We eat fairly clean, sort of bouncing between paleo and vegan (ironic, I know) since that's the easiest way for us to avoid dairy and gluten and I like the idea of keeping DD from getting to used to eating sugar (she's got an amazingly open palate and eats every vegetable under the sun willingly!).

Looking to add the CLO to round out the supplements we take and cover any areas we may be lacking in food.
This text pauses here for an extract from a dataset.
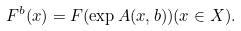<formula> <loc_0><loc_0><loc_500><loc_500>F ^ { b } ( x ) = F ( \exp A ( x , b ) ) ( x \in X ) .</formula>

I don't love all veggies like my DD does so my veggie intake is much less than it should be, and while we do eat organic eggs by the dozens, the lack of our ability to consume butter at the moment makes me want this more as an insurance policy than anything else. I am due for another ND visit (just saving up) so it may be something I discuss with her as well but wanted to get the ball rolling on research and already the biggest hurdle seems to be the 2 major divides: to take or not to take CLO's (this was the link I found regarding that: http://articles.mercola.com/sites/articles/archive/2008/12/23/important-cod-liver-oil-update.aspx) and whether to take fermented or non-fermented (I've seen a huge divide in this area and it seems mostly based on preference and tolerance). I'm of Irish/Danish/Norwegian descent so I l tend to lean towards the FCLO because of the traditional diet aspect and the fact that my distant relatives most likely consumed large amounts of fermented fish products. I have seen that some CLO's source part of the ingredients from soy which we are looking to avoid. Also of interest, I did the 23andme testing (pre-FDA ban) and learned, genetically speaking, I should have no issues with dairy so I'm hopeful it's just a temporary problem and we can transition back to some dairy (most likely raw or at the very least organic) once we heal our guts up a bit more. For now my only processed guilty pleasure is Daiya vegan cheese









Thanks all!


----------



## tracyamber (May 26, 2011)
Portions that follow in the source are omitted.